(Stored records)
'''

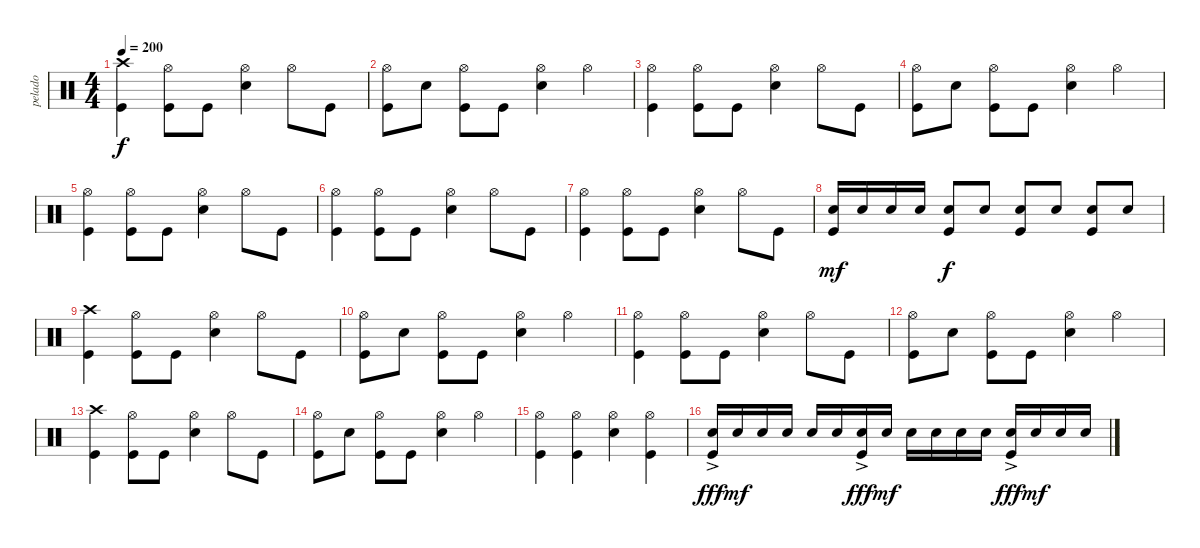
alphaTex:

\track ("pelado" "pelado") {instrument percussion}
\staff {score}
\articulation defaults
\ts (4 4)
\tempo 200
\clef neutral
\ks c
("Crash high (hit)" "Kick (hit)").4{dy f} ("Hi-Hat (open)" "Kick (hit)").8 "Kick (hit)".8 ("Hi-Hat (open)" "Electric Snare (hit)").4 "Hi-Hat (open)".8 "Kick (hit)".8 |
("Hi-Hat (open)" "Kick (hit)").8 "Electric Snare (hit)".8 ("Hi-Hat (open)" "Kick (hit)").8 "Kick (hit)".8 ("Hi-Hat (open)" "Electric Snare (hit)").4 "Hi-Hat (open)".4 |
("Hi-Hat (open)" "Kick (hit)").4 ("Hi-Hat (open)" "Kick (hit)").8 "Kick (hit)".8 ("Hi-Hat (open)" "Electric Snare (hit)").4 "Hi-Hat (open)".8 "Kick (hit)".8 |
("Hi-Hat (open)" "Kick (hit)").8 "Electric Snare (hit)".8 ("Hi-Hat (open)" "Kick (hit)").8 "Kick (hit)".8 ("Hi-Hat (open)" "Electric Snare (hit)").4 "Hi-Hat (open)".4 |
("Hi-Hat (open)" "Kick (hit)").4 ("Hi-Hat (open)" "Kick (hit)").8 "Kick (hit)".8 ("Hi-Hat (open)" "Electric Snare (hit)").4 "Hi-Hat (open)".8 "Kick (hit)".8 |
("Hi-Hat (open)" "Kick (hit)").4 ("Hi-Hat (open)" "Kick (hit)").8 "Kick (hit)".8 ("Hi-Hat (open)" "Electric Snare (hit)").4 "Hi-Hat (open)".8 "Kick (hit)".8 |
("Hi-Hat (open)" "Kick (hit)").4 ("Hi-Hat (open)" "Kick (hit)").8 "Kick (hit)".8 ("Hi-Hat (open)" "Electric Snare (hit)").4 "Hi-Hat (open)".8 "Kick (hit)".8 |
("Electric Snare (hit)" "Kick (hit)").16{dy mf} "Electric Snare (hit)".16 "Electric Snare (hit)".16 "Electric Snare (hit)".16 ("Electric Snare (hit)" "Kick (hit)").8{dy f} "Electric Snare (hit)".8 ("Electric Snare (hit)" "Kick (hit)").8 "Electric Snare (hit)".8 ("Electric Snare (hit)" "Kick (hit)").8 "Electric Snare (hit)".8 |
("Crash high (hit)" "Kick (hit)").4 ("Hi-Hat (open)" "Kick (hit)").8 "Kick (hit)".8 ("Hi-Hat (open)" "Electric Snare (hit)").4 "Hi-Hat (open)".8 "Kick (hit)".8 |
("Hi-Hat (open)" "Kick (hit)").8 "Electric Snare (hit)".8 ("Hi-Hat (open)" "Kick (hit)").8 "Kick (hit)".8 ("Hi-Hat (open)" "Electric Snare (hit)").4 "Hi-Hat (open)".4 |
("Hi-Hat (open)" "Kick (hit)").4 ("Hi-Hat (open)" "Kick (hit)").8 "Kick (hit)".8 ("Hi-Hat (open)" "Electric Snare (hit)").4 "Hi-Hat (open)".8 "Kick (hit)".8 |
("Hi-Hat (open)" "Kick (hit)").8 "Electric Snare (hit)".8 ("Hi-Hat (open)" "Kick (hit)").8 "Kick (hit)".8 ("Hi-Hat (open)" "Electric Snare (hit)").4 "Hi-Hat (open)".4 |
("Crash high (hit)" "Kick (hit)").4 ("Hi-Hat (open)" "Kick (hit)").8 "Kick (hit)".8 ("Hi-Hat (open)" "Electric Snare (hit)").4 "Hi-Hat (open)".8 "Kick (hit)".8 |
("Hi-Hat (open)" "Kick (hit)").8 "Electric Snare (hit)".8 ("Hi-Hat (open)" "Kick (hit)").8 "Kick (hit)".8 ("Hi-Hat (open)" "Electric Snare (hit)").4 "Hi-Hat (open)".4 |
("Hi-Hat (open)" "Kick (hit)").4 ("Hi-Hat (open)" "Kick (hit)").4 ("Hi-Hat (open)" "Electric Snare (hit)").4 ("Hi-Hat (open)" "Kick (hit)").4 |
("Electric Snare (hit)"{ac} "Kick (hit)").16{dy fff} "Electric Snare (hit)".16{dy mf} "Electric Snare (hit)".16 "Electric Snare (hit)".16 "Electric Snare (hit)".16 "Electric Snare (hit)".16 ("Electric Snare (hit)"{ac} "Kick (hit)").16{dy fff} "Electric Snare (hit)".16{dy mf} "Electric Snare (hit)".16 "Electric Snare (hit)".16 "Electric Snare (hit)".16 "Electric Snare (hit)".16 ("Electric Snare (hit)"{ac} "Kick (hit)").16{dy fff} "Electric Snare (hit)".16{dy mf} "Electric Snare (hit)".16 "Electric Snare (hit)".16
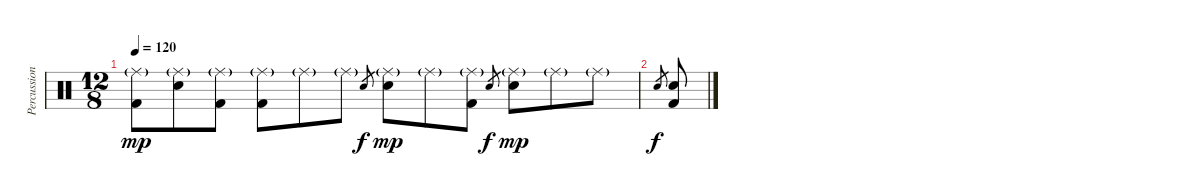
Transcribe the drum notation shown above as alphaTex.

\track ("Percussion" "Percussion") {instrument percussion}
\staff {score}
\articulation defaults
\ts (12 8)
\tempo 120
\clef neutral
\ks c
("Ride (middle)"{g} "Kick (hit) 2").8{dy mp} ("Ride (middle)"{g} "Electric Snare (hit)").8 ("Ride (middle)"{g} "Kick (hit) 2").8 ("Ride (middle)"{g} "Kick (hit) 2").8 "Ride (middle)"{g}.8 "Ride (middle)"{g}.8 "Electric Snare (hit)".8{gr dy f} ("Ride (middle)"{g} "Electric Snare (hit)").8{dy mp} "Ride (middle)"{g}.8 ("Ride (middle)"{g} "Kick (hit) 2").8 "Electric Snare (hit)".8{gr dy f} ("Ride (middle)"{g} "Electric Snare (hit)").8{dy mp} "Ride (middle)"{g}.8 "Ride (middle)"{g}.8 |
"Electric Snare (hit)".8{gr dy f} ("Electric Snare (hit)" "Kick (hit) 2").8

'''

- **WORK TASK**
Find all lines holding the word "percussion" in the records above and copy them.

- **SOLUTION FOR THIS EXERCISE**
\track ("pelado" "pelado") {instrument percussion}
\track ("Percussion" "Percussion") {instrument percussion}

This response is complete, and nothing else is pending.